* [DIRECTIONS FOR THIS TASK]
Report each line of the entries that includes "track" by copying it.

* [SUPPLIED MATERIAL]
================================
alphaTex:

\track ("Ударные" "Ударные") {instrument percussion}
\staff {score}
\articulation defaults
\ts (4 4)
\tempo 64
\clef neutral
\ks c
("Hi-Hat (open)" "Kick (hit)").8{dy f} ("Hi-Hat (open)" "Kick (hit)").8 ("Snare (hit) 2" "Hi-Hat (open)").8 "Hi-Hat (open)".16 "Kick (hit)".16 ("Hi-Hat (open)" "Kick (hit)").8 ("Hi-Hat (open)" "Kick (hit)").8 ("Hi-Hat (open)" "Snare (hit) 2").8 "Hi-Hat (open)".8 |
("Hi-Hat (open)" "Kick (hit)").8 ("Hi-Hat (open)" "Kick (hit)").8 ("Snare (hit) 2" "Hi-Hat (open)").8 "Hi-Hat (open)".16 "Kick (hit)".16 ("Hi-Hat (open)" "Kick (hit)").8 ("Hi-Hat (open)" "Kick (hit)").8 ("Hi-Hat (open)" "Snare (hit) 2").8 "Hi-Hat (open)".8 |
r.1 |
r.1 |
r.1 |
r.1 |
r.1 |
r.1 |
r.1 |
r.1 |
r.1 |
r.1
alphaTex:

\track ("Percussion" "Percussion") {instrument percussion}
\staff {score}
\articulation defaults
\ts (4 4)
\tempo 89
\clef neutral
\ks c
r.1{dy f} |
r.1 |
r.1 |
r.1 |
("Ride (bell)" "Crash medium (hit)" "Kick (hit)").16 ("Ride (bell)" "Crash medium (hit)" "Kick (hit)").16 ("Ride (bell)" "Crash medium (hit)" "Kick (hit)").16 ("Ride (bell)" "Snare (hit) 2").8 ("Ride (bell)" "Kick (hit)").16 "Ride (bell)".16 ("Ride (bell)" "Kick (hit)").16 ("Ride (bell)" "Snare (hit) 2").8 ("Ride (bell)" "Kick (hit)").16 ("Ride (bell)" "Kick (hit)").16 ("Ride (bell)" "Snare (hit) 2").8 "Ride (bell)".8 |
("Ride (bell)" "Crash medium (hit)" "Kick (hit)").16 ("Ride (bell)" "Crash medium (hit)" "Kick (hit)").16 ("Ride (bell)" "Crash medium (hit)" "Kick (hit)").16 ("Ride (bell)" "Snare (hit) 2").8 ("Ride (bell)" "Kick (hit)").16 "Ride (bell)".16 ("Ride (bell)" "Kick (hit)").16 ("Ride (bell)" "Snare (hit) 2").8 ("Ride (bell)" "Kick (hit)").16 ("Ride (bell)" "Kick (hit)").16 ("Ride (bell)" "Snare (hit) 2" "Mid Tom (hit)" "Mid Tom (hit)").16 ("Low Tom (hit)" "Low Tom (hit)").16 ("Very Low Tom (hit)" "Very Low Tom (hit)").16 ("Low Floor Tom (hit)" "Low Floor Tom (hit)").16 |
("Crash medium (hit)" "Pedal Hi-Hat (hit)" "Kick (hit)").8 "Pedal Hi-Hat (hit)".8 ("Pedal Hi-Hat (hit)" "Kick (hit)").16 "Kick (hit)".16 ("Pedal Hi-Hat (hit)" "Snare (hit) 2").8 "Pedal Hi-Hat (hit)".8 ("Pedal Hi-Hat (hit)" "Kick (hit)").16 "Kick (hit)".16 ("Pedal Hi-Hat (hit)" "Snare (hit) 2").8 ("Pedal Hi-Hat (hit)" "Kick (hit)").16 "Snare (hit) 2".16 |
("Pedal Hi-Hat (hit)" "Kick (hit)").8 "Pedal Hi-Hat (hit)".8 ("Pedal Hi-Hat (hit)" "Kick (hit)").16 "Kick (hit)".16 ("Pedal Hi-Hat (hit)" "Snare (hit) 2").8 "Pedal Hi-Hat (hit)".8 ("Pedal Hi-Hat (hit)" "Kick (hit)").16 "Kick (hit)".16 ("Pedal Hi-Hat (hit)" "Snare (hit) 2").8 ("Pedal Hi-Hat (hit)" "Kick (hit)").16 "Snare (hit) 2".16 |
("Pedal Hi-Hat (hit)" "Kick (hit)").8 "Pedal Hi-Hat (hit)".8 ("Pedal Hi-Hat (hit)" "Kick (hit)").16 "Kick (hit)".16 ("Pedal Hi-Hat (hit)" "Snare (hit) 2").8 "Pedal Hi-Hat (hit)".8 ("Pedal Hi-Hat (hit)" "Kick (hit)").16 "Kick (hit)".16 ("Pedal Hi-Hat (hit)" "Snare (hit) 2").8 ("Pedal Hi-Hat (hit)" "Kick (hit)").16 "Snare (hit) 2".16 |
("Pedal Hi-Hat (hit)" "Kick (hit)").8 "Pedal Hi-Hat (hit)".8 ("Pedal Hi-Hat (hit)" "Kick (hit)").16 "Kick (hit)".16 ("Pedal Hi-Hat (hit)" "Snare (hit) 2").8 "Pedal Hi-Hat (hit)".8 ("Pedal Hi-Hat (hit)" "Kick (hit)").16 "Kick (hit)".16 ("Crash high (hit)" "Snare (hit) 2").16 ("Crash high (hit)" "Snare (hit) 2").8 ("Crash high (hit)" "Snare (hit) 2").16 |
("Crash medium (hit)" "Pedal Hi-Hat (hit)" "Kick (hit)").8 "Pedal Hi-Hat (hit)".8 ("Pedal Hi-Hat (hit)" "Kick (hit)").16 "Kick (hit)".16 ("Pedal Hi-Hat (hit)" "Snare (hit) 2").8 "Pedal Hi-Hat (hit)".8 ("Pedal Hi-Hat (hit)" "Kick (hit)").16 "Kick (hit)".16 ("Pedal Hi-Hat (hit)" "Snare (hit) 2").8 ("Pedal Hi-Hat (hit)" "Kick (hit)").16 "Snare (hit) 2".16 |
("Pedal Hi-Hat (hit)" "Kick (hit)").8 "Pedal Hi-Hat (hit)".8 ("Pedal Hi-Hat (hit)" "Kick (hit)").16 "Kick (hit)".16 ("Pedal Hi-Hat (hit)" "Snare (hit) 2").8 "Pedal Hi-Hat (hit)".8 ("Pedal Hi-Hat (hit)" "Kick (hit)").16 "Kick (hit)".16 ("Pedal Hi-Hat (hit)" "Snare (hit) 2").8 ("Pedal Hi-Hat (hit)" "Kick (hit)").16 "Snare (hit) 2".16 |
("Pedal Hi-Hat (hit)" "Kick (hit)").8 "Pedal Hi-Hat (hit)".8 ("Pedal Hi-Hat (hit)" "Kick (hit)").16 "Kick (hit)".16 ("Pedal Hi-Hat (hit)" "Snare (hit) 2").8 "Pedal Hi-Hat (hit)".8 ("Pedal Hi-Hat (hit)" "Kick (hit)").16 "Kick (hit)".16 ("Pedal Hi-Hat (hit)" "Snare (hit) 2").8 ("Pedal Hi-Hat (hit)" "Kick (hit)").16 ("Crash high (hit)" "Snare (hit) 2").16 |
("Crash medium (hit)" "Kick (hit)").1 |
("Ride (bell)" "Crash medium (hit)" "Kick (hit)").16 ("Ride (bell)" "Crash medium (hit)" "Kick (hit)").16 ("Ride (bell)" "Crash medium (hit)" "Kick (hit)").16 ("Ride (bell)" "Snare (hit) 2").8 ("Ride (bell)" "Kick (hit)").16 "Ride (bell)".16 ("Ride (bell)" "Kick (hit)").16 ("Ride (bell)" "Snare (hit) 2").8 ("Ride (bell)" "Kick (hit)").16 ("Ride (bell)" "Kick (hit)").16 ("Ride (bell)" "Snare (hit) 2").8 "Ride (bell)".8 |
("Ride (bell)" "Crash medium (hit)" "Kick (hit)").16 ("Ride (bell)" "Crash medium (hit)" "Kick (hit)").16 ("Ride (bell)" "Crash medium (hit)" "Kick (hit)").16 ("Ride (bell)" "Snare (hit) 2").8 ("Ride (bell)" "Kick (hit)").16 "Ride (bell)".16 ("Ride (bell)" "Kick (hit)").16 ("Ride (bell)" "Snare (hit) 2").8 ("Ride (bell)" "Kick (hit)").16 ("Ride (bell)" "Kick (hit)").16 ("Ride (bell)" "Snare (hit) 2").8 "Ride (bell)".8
================================
* [OUTPUT FOR THIS TASK]
\track ("Ударные" "Ударные") {instrument percussion}
\track ("Percussion" "Percussion") {instrument percussion}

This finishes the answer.